Another degree of complexity is introduced when you look at rules which involve three colors rather than two. The total number of possible rules in this case would be much greater.  What is significant about looking at rules which involve more than two colors is that they produce behavior similar to cellular automata that only involve two colors. This lead Wolfram to state that, “having more complicated underlying rules has not led to much greater complexity in overall behavior.” This is interesting to me because it would seem that logically involving more colors and having more complicated rules would result in more complicated behavior. It also seems like since many more rules are possible with more colors involved it would be hard to find several common themes. I wonder what the “essential ingredents” of the elementary elementary rules are that producecomplicated behavior.

On page 84 of A New Kind of Science, Wolfram depicts a variation on cellular automata involving branching patterns on theoretical trees, an idea that is further developed beginning on page 400.

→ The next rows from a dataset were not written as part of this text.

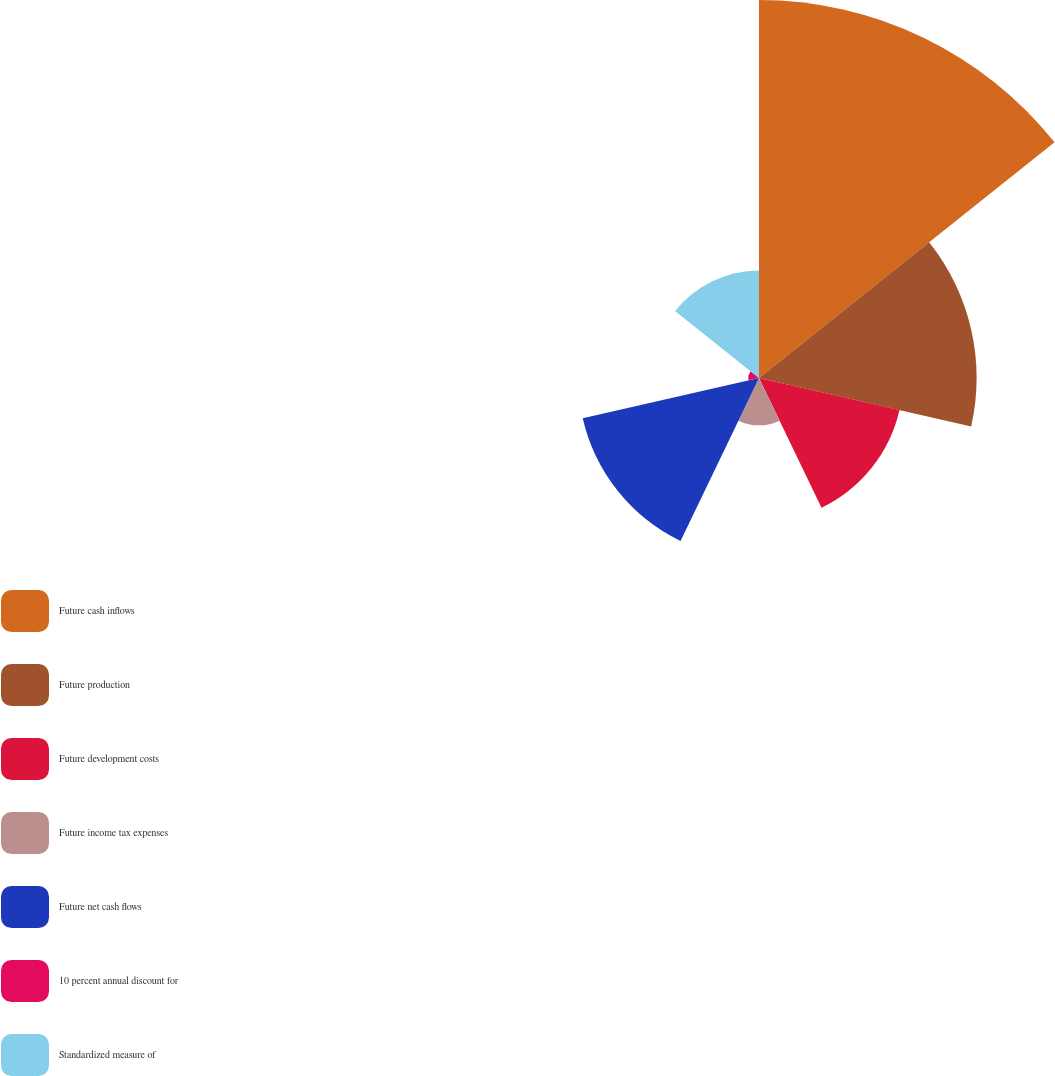<chart> <loc_0><loc_0><loc_500><loc_500><pie_chart><fcel>Future cash inflows<fcel>Future production<fcel>Future development costs<fcel>Future income tax expenses<fcel>Future net cash flows<fcel>10 percent annual discount for<fcel>Standardized measure of<nl><fcel>34.81%<fcel>20.04%<fcel>13.27%<fcel>4.36%<fcel>16.65%<fcel>0.98%<fcel>9.89%<nl></chart> 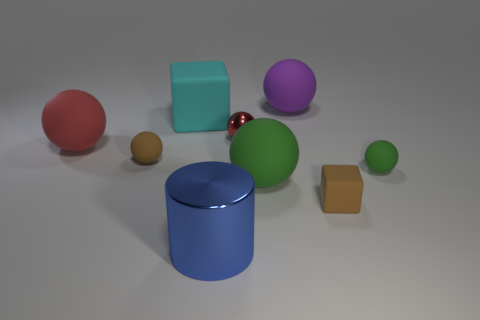What is the color of the large block that is made of the same material as the big purple thing?
Provide a short and direct response. Cyan. What color is the cube that is the same size as the blue metal object?
Provide a short and direct response. Cyan. Is there any other thing that is the same color as the tiny shiny object?
Ensure brevity in your answer.  Yes. What is the size of the red sphere to the left of the tiny matte thing to the left of the blue metal cylinder?
Offer a very short reply. Large. Is there anything else that is made of the same material as the cyan block?
Ensure brevity in your answer.  Yes. Are there more red shiny balls than big matte balls?
Offer a very short reply. No. Is the color of the sphere that is to the left of the tiny brown ball the same as the shiny cylinder left of the purple matte object?
Your answer should be very brief. No. There is a red object that is on the right side of the blue metal cylinder; are there any tiny matte things that are left of it?
Offer a very short reply. Yes. Is the number of brown rubber spheres that are to the left of the brown block less than the number of small brown matte spheres to the right of the big cylinder?
Provide a succinct answer. No. Is the small sphere that is behind the large red sphere made of the same material as the brown thing that is on the left side of the big green thing?
Your answer should be very brief. No. 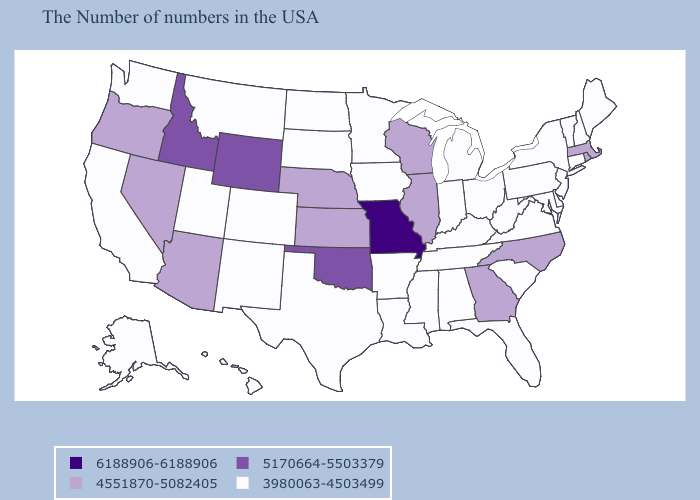Name the states that have a value in the range 6188906-6188906?
Short answer required. Missouri. Does Oklahoma have the highest value in the South?
Be succinct. Yes. What is the value of Wyoming?
Write a very short answer. 5170664-5503379. Name the states that have a value in the range 6188906-6188906?
Give a very brief answer. Missouri. Does Oregon have the lowest value in the USA?
Write a very short answer. No. Does Delaware have the same value as Georgia?
Short answer required. No. Among the states that border Iowa , which have the highest value?
Keep it brief. Missouri. Does Maryland have the same value as Oklahoma?
Be succinct. No. What is the value of Kentucky?
Answer briefly. 3980063-4503499. What is the value of North Carolina?
Be succinct. 4551870-5082405. What is the value of New Hampshire?
Short answer required. 3980063-4503499. Does the first symbol in the legend represent the smallest category?
Quick response, please. No. Does Massachusetts have the highest value in the Northeast?
Short answer required. Yes. Among the states that border South Dakota , which have the lowest value?
Keep it brief. Minnesota, Iowa, North Dakota, Montana. What is the lowest value in the MidWest?
Quick response, please. 3980063-4503499. 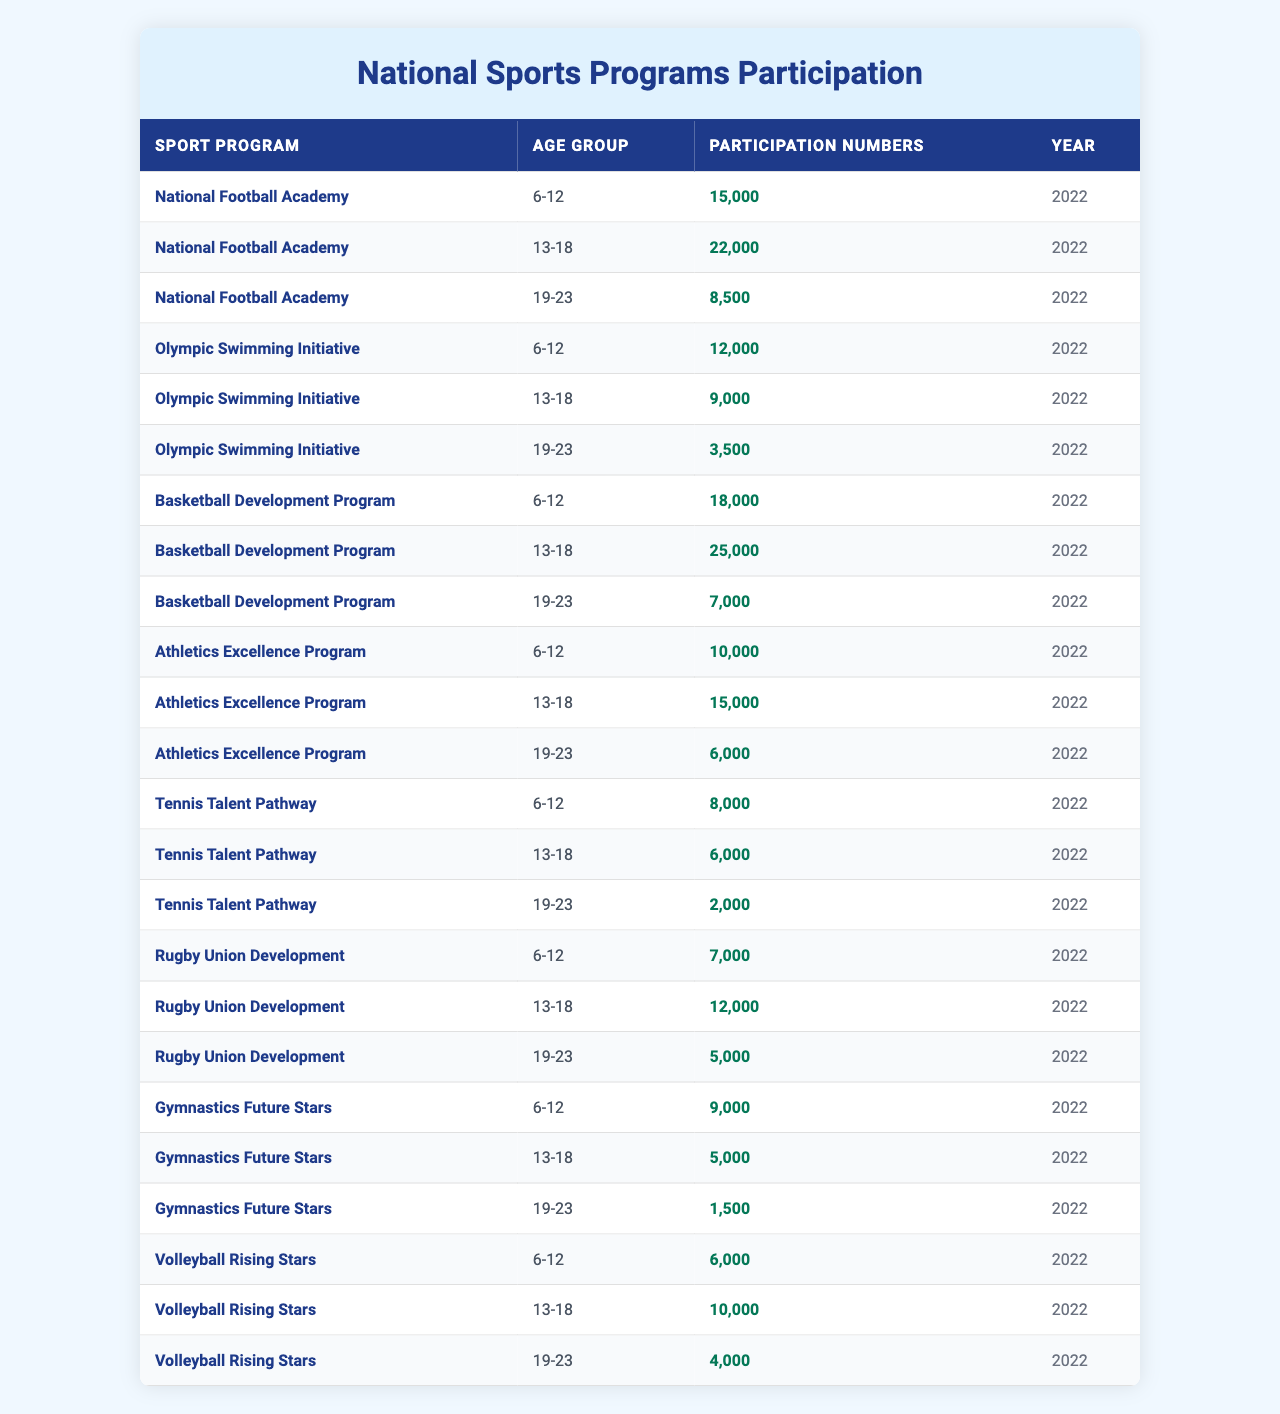What is the participation number for the National Football Academy in the 6-12 age group? Looking at the table, under the "National Football Academy" and "6-12" age group, the participation number listed is 15,000.
Answer: 15,000 How many participants are there in the Olympic Swimming Initiative for the 19-23 age group? Referring to the table, we find that the "Olympic Swimming Initiative" for the "19-23" age group has 3,500 participants.
Answer: 3,500 Which sport program has the highest participation in the 13-18 age group? In the table, comparing the participation numbers for the "13-18" age group across all sport programs, "Basketball Development Program" has the highest number, with 25,000 participants.
Answer: Basketball Development Program What is the total participation for the Athletics Excellence Program across all age groups? Summing up the participation numbers for "Athletics Excellence Program" from the table: 10,000 (6-12) + 15,000 (13-18) + 6,000 (19-23) = 31,000.
Answer: 31,000 Is there any age group in the Tennis Talent Pathway that has more than 8,000 participants? Checking the table, we find that for the "Tennis Talent Pathway," the age group "6-12" has 8,000 participants, but both "13-18" (6,000) and "19-23" (2,000) have less. Therefore, there is no age group exceeding 8,000.
Answer: No What percentage of participants in the Basketball Development Program are aged 13-18? First, we calculate the total participation for the "Basketball Development Program": 18,000 (6-12) + 25,000 (13-18) + 7,000 (19-23) = 50,000. Then, we find the percentage for the "13-18" age group: (25,000 / 50,000) * 100 = 50%.
Answer: 50% Which sport program shows the least participation in the 19-23 age group? From the table, we examine the participation numbers for the "19-23" age group: 8,500 (National Football Academy), 3,500 (Olympic Swimming Initiative), 7,000 (Basketball Development Program), 6,000 (Athletics Excellence Program), 2,000 (Tennis Talent Pathway), 5,000 (Rugby Union Development), 1,500 (Gymnastics Future Stars), and 4,000 (Volleyball Rising Stars). The least is 1,500 from "Gymnastics Future Stars."
Answer: Gymnastics Future Stars What is the difference in participation between the 6-12 and 13-18 age groups for the Rugby Union Development program? The participation numbers for the "Rugby Union Development" are 7,000 (6-12) and 12,000 (13-18). The difference is calculated as 12,000 - 7,000 = 5,000.
Answer: 5,000 Across all sport programs, which age group has the highest total participation? We need to sum the participation numbers for each age group across all programs. The sums are: 6-12 = 15,000 + 12,000 + 18,000 + 10,000 + 8,000 + 7,000 + 9,000 + 6,000 = 85,000; 13-18 = 22,000 + 9,000 + 25,000 + 15,000 + 6,000 + 12,000 + 5,000 + 10,000 = 104,000; 19-23 = 8,500 + 3,500 + 7,000 + 6,000 + 2,000 + 5,000 + 1,500 + 4,000 = 33,500. The highest total participation is for the 13-18 age group with 104,000 participants.
Answer: 13-18 age group How many more participants are there in Basketball Development Program than in Olympic Swimming Initiative across all age groups? The total for "Basketball Development Program" is 50,000 (18,000 + 25,000 + 7,000) and for "Olympic Swimming Initiative" is 22,500 (12,000 + 9,000 + 3,500). The difference is 50,000 - 22,500 = 27,500.
Answer: 27,500

I think it is interesting to think about how organisms could grow and develop according to simple rules like those of the cellular automata.  It’s harder to think about humans growing and developing like that, but with plants it’s fairly simple.  I’ve been growing plants for a few weeks now for one of my other classes and I spent some time today thinking about those plants in this light.  It makes a lot of sense that plants can grow and develop by following a set of if-then rules.  Plants tend to be somewhat linear in their layout, so it’s easier to think of them this way.  Animals are a little more complex, but if you break them down and look at the smallest parts, they too operate essentially on a set of if-then rules as well.  In my mind, it all comes down to the issue of scale.  I think it’s interesting how simple small things can look complex on a large scale (like animals) and seemingly complex things can seem simple on a large scale (like rule 30).  As we mentioned briefly in class, the size of the world in which the cellular automata operate is rather limiting.  If the world could be made large enough to really see some of the long-term results of the rules, I think we’d surprise ourselves even more.  It also brings me back to the question I asked last week:  should we concentrate on the ultimate output, or is the initial output and the first few steps just as important?  Are they important in different ways?